-- Available data follows --
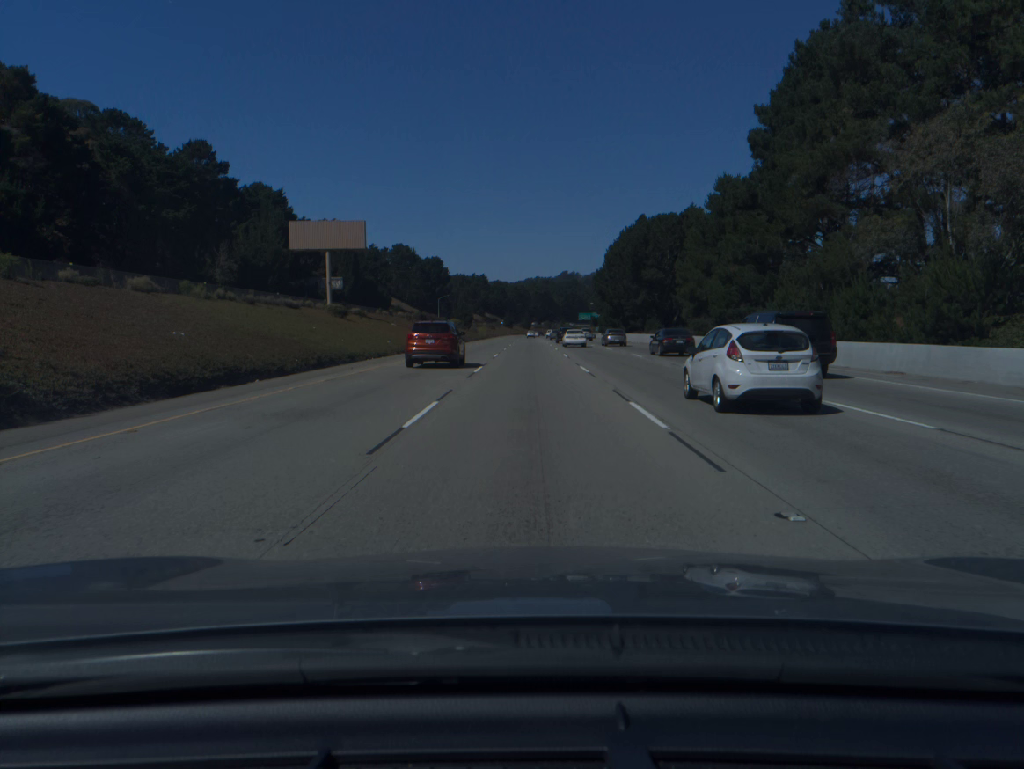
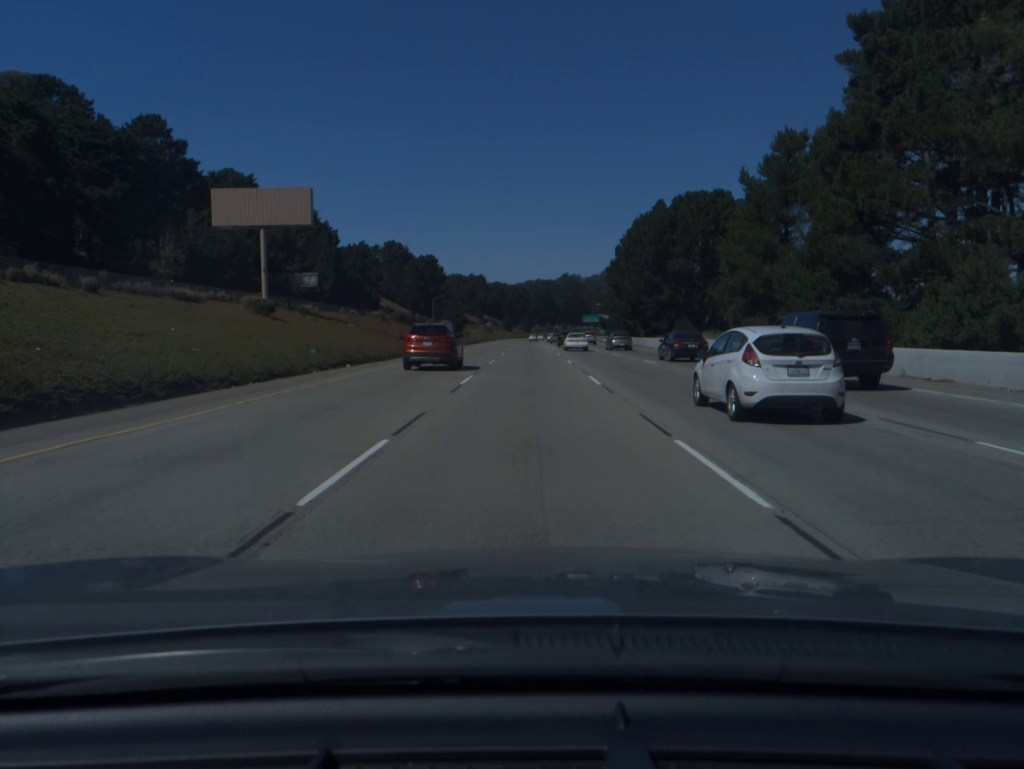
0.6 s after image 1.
(0.0, +19.4) m; 0°
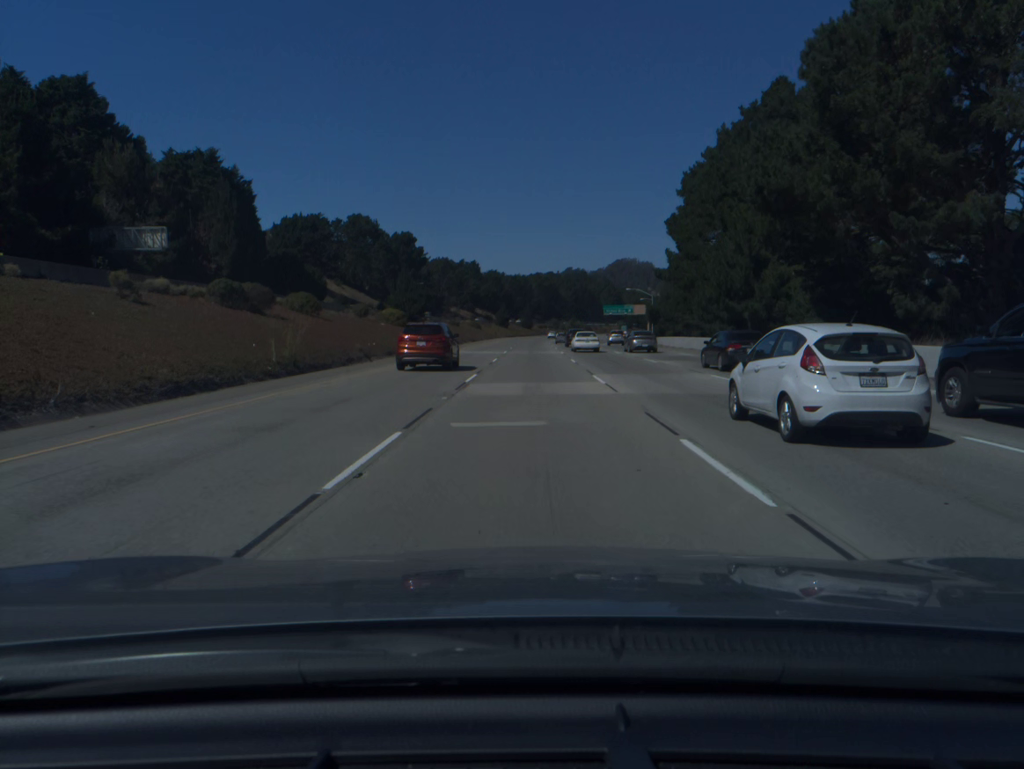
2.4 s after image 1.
(-0.1, +58.1) m; 0°
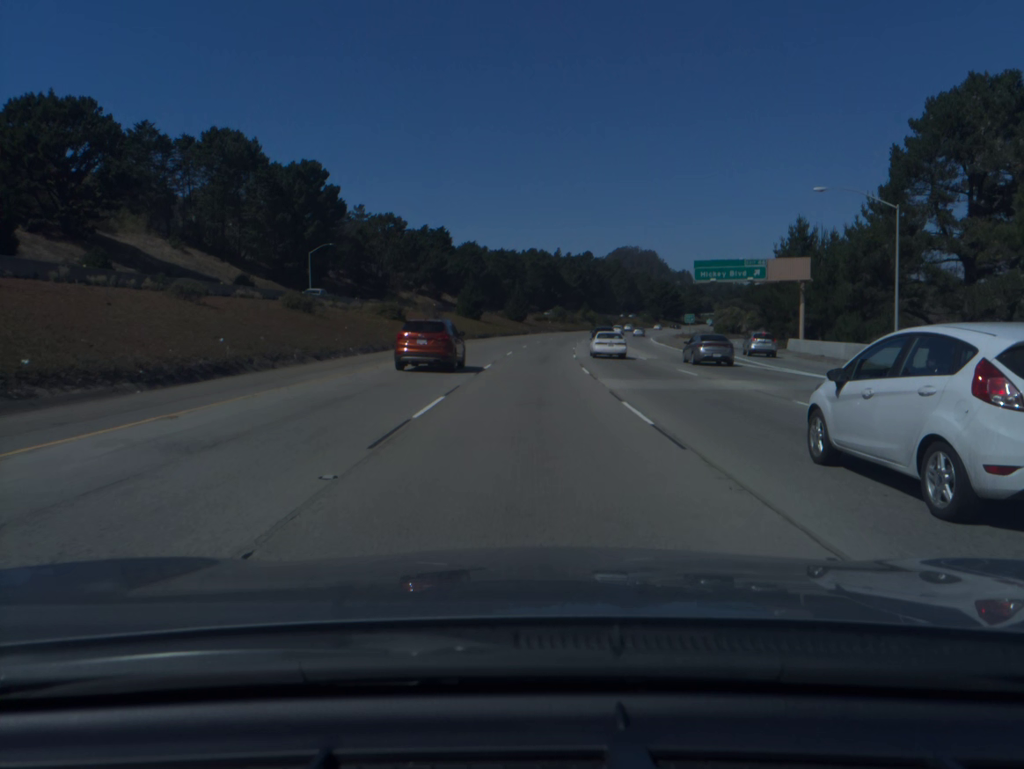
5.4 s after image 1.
(+0.3, +96.5) m; 0°
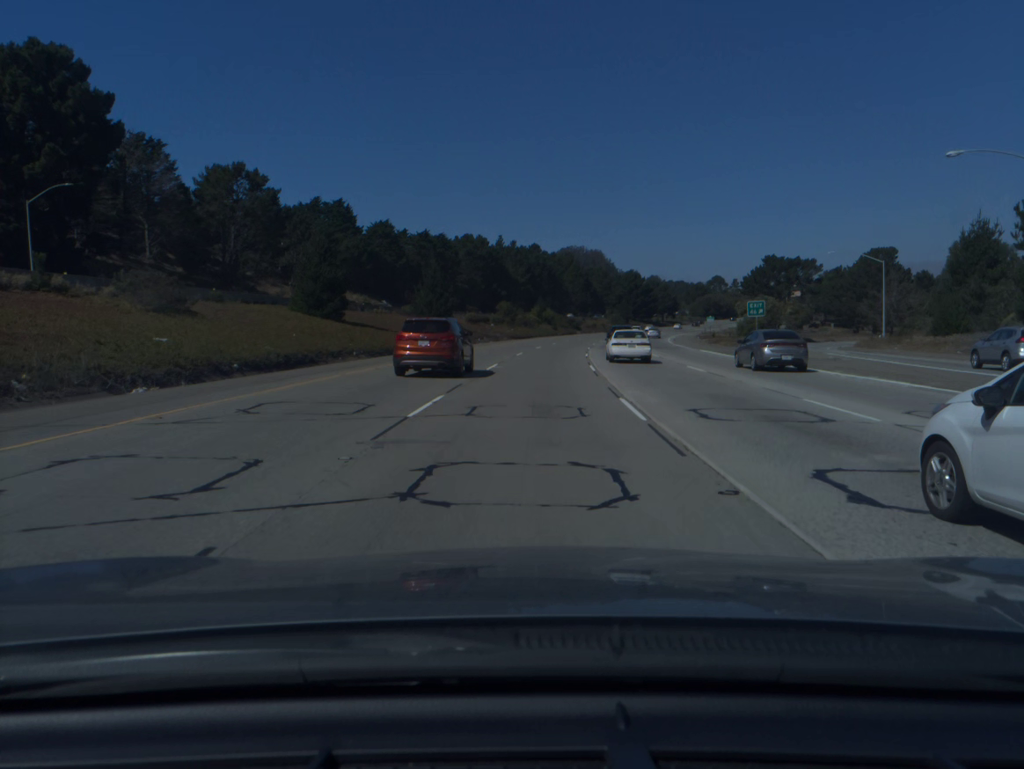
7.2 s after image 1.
(+1.4, +58.3) m; +4°
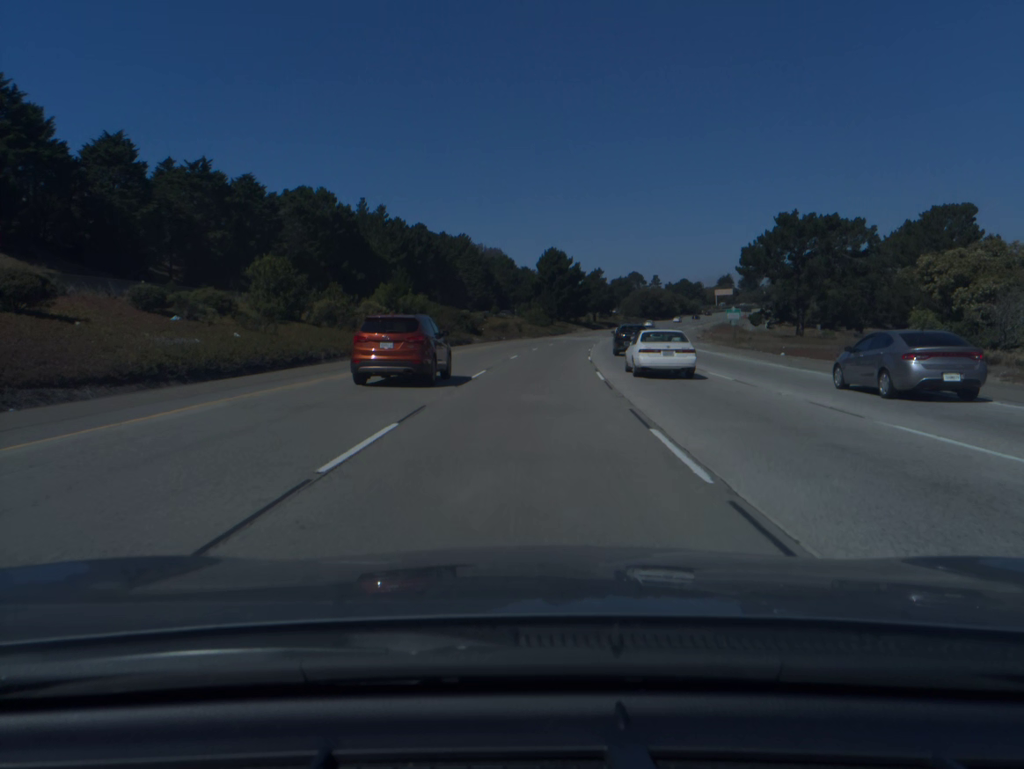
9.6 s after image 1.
(+4.8, +77.7) m; +7°
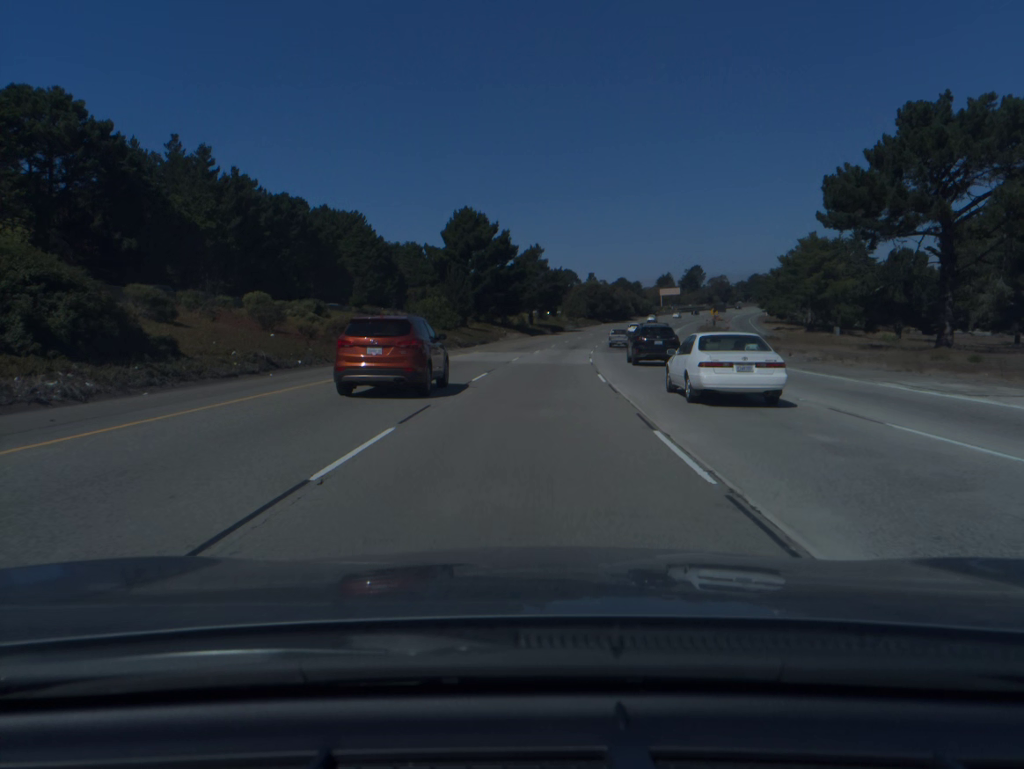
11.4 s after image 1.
(+2.8, +58.2) m; +5°
-- Available data concluded --
# Task directions
Once the pictures are set aside, write out each record exactly.

# Result of the exercise
0.6 s after image 1.
(0.0, +19.4) m; 0°
2.4 s after image 1.
(-0.1, +58.1) m; 0°
5.4 s after image 1.
(+0.3, +96.5) m; 0°
7.2 s after image 1.
(+1.4, +58.3) m; +4°
9.6 s after image 1.
(+4.8, +77.7) m; +7°
11.4 s after image 1.
(+2.8, +58.2) m; +5°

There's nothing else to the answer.